IN MY ROOM

ULRICH KÖHLER

Ulrich Köhler transforme un loser en Robinson.

La première partie du film épouse l’esthétique d’un réalisme qui ne nous épargne rien… Mais voilà que survient l’impensable, un monde entièrement vidé de ses habitants, qui nous parvient à travers le pare-brise de la voiture d’Armin. Sur l’asphalte gisent des motos et scooters dont les conducteurs se sont volatilisés, comme tous les êtres humains alentour… Ce retournement de situation fournit à Ulrich Köhler une belle occasion d’ouvrir son film à de plus grands espaces et à plus de lumière, puis, en un clin d’œil, de transformer son antihéros en une sorte d’Adam à qui aurait été donnée l’arche de Noé ; il renaît en premier homme (qui serait le dernier). Il se met à l’ouvrage, son corps hier avachi s’affine et se muscle, il cultive la terre, chasse, lui, autrefois maladroit, se révèle habile bricoleur, goûtant sans regret cette nouvelle vie sédentaire. Mais, quand un jour débarque, venue d’on ne sait où, la jolie nomade Kirsi, l’idée d’un avenir à construire se met à occuper son esprit… Il serait dommage d’en dire plus tant la magie qui opère alors tient à des éléments dont chaque spectateur peut espérer tirer des sensations propres.

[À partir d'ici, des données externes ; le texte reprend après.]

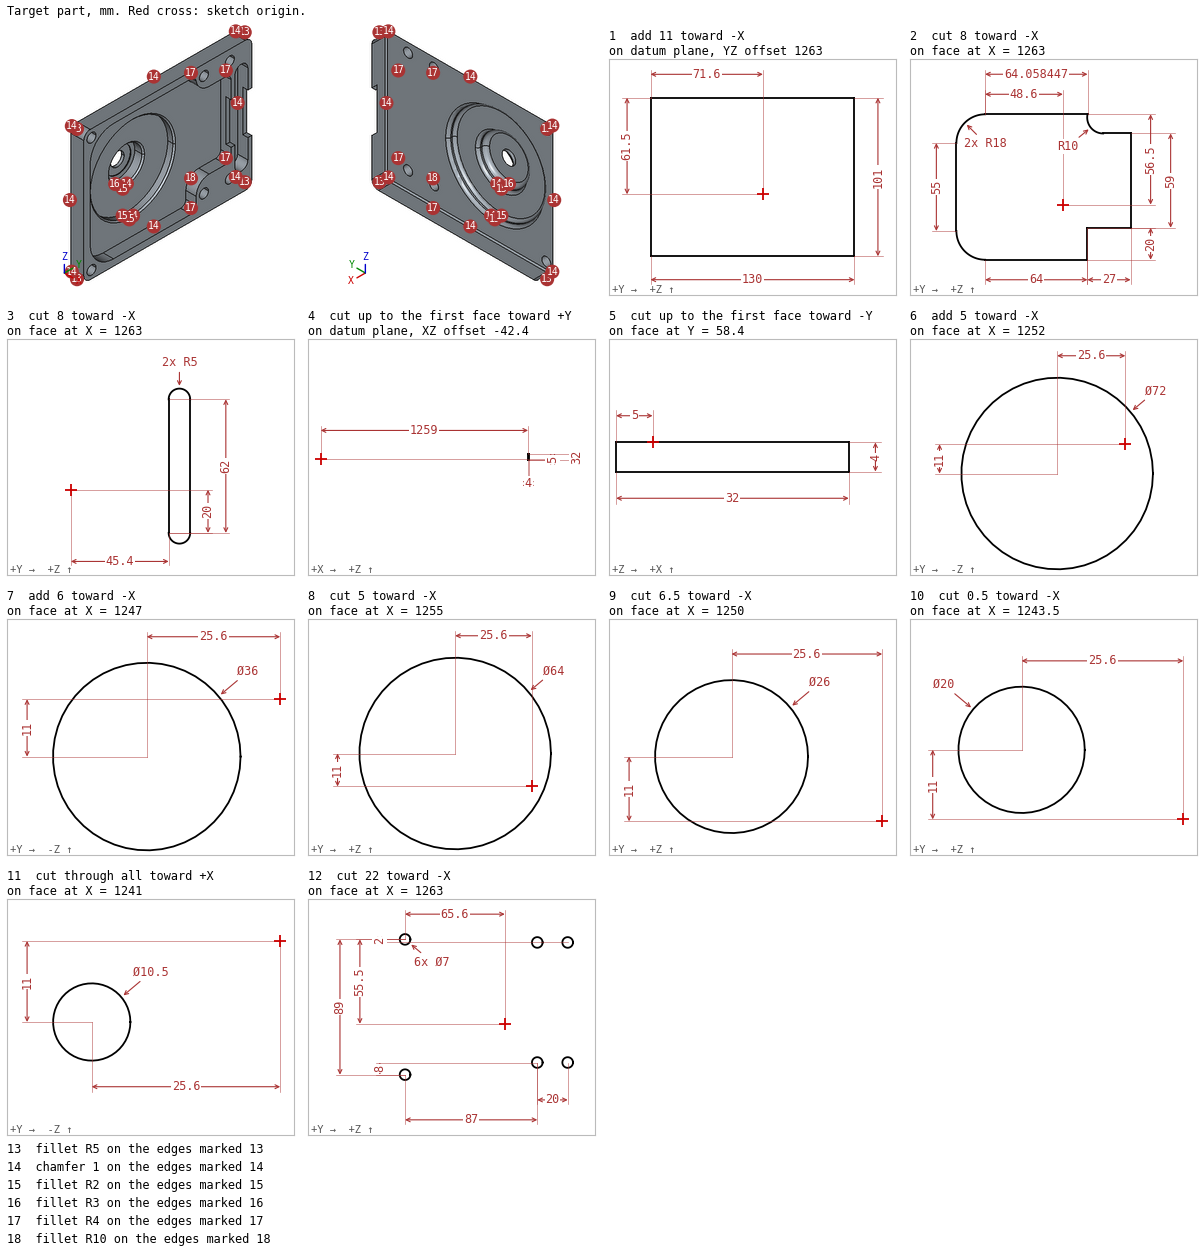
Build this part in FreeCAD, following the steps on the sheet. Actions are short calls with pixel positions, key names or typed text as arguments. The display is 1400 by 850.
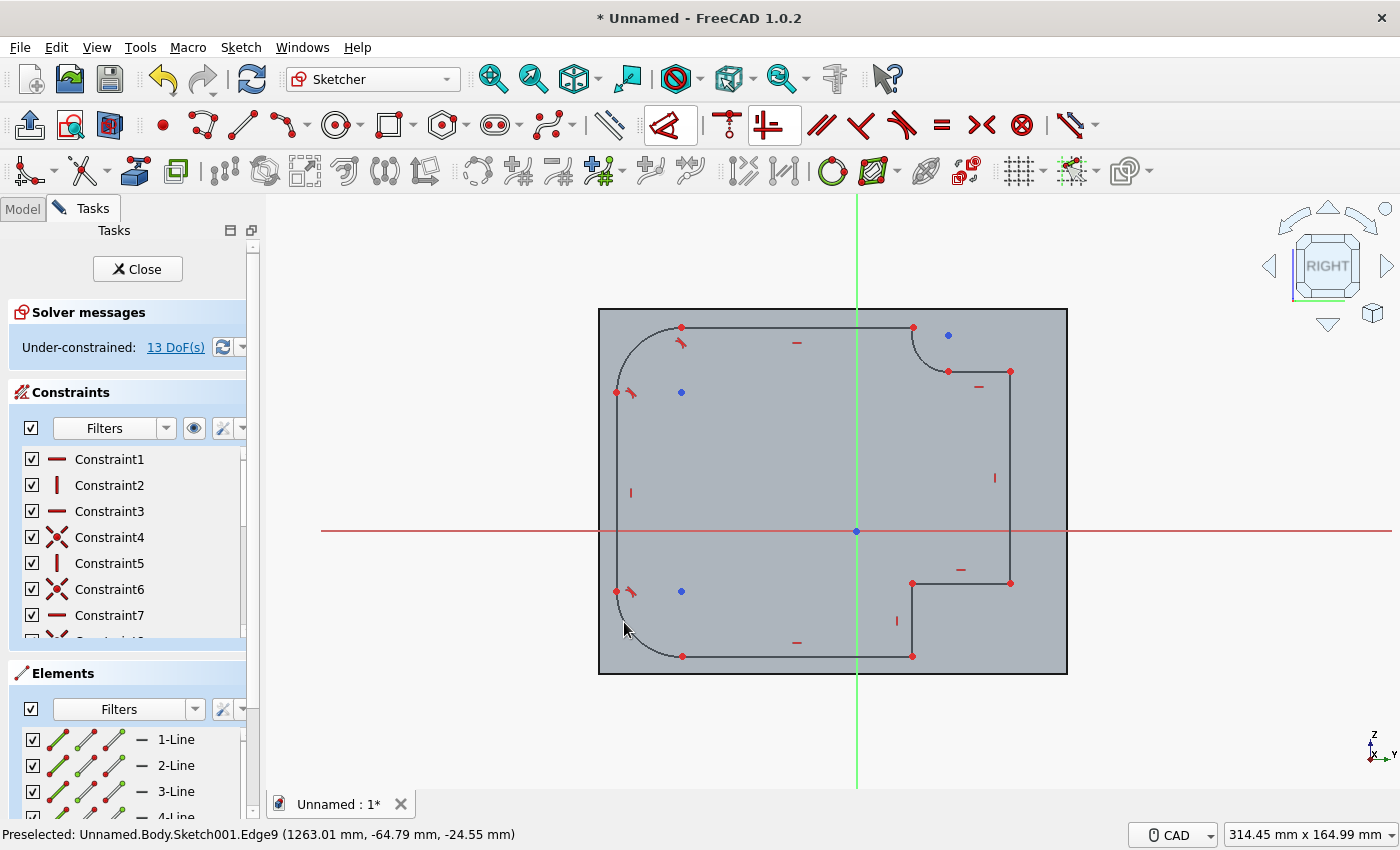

Car, dans ce mouvement de bascule qu’exécute à mi-chemin de sa narration In My Room, se niche quelque chose d’indéfinissable, d’aussi vaste que le champ des possibles auquel succombe Armin en pensée, et sur lequel se termine le film, en toute invraisemblance, mais qu’importe. Parce que l’aventure à laquelle invite le film trace le chemin vers une forme de poésie qui se moque bien du rationnel. Et, au bout du compte, Ulrich Köhler nous aura menés d’un monde réel à un univers sensoriel, dans un univers où tout pourrait être fini et recommencer.